Data for this exercise: Begin
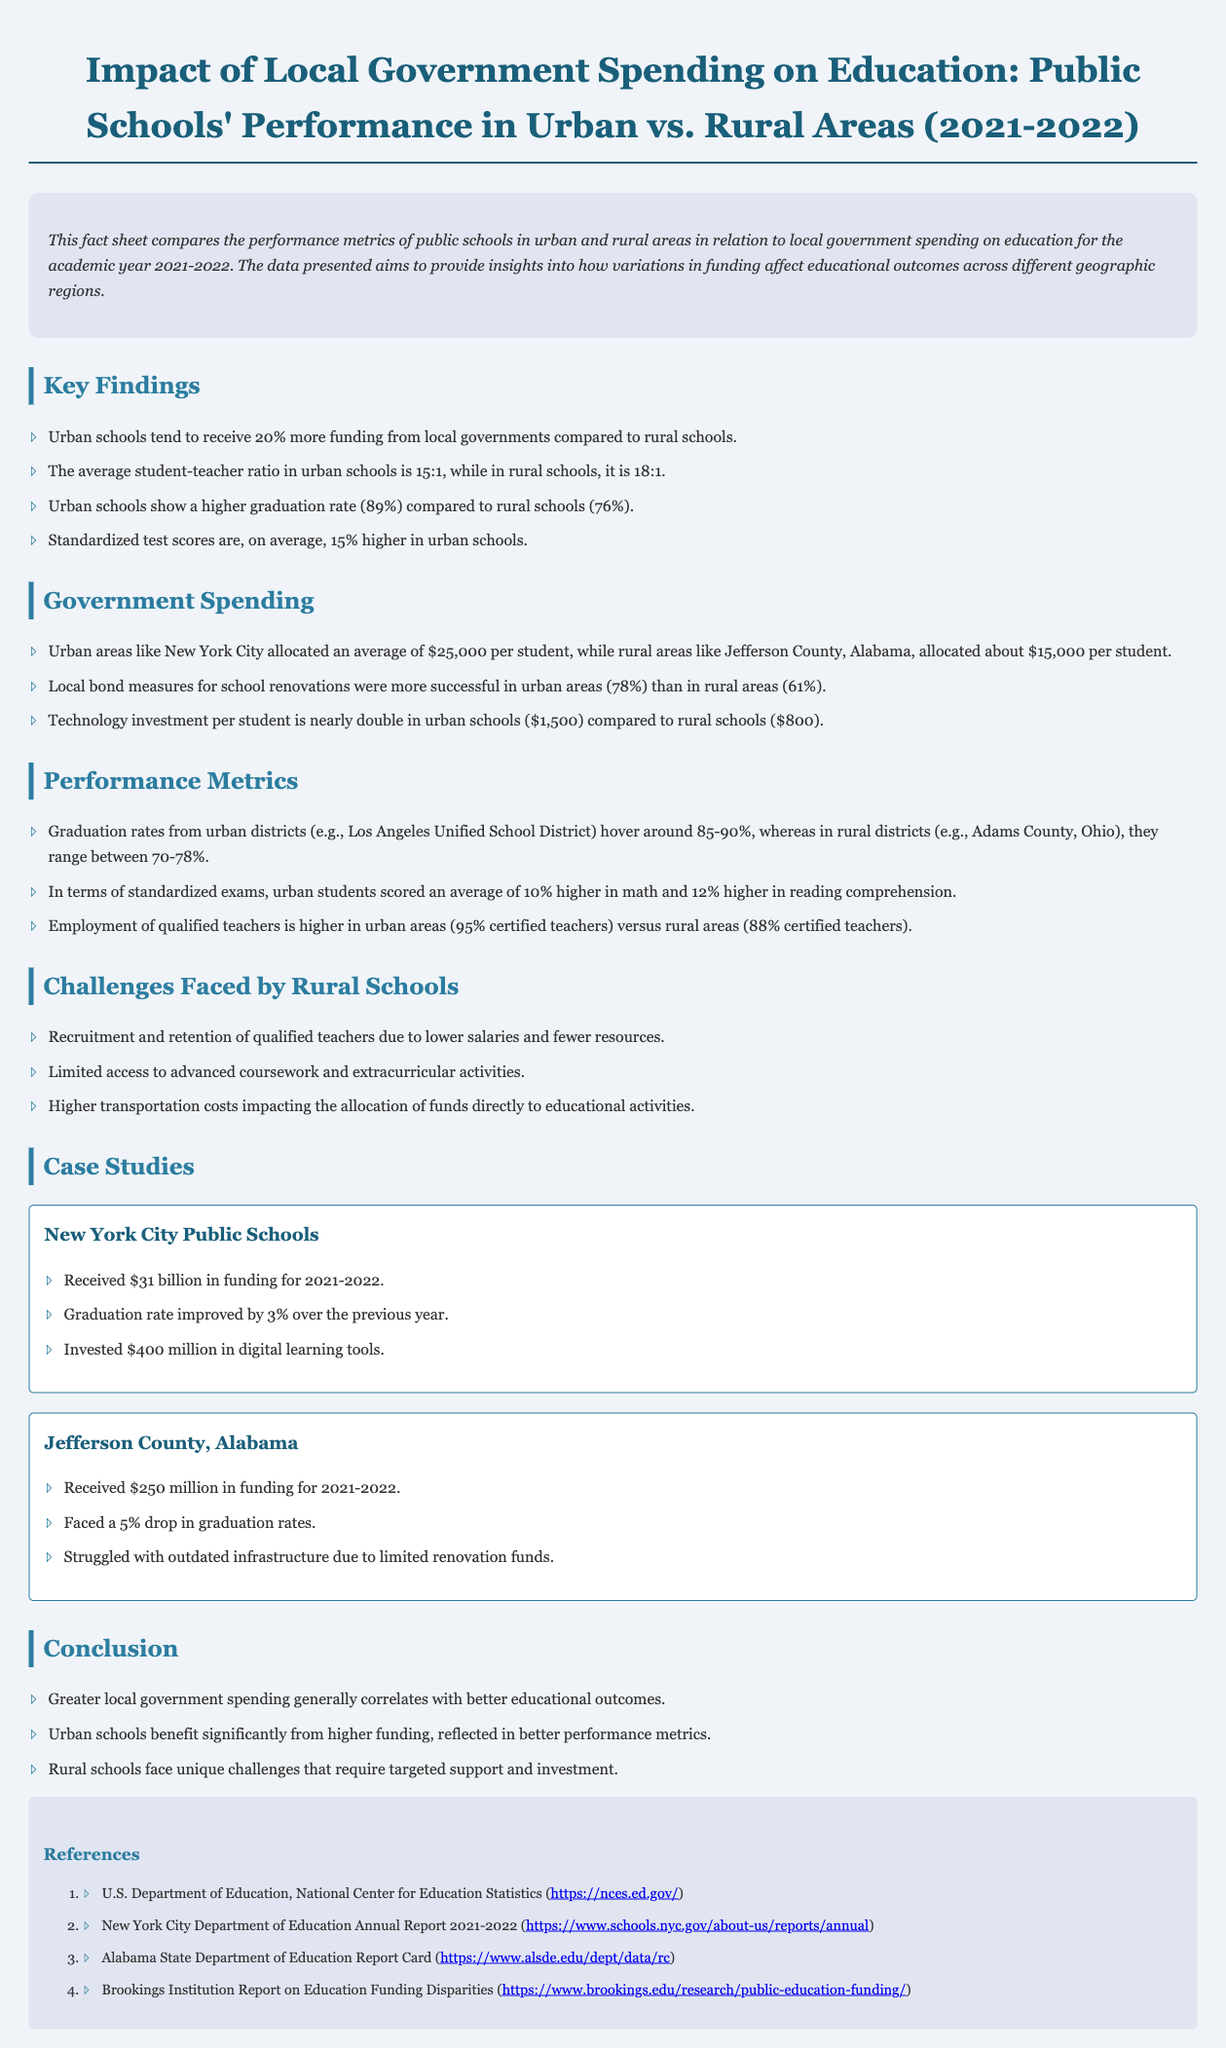What is the percentage difference in funding between urban and rural schools? Urban schools receive 20% more funding than rural schools.
Answer: 20% What is the average student-teacher ratio in urban schools? The average student-teacher ratio in urban schools is 15:1.
Answer: 15:1 What was the graduation rate for rural schools? The graduation rate for rural schools is 76%.
Answer: 76% How much is invested in technology per student in urban schools? Technology investment per student in urban schools is $1,500.
Answer: $1,500 What was the graduation rate for New York City Public Schools in 2021-2022? The graduation rate for New York City Public Schools improved by 3% over the previous year.
Answer: Improved by 3% What unique challenge do rural schools face regarding teacher recruitment? Rural schools face recruitment and retention challenges due to lower salaries and fewer resources.
Answer: Lower salaries In which area were local bond measures for school renovations more successful? Local bond measures were more successful in urban areas.
Answer: Urban areas What was the funding allocated for Jefferson County, Alabama? Jefferson County received $250 million in funding for 2021-2022.
Answer: $250 million What correlation is noted in the conclusion? Greater local government spending correlates with better educational outcomes.
Answer: Better educational outcomes
Data for this exercise: End
For this exercise, reproduce exactly each line from the one containing "Answer: Lower salaries" through the last line of the data, and no others.

● Task answer
Answer: Lower salaries In which area were local bond measures for school renovations more successful? Local bond measures were more successful in urban areas.
Answer: Urban areas What was the funding allocated for Jefferson County, Alabama? Jefferson County received $250 million in funding for 2021-2022.
Answer: $250 million What correlation is noted in the conclusion? Greater local government spending correlates with better educational outcomes.
Answer: Better educational outcomes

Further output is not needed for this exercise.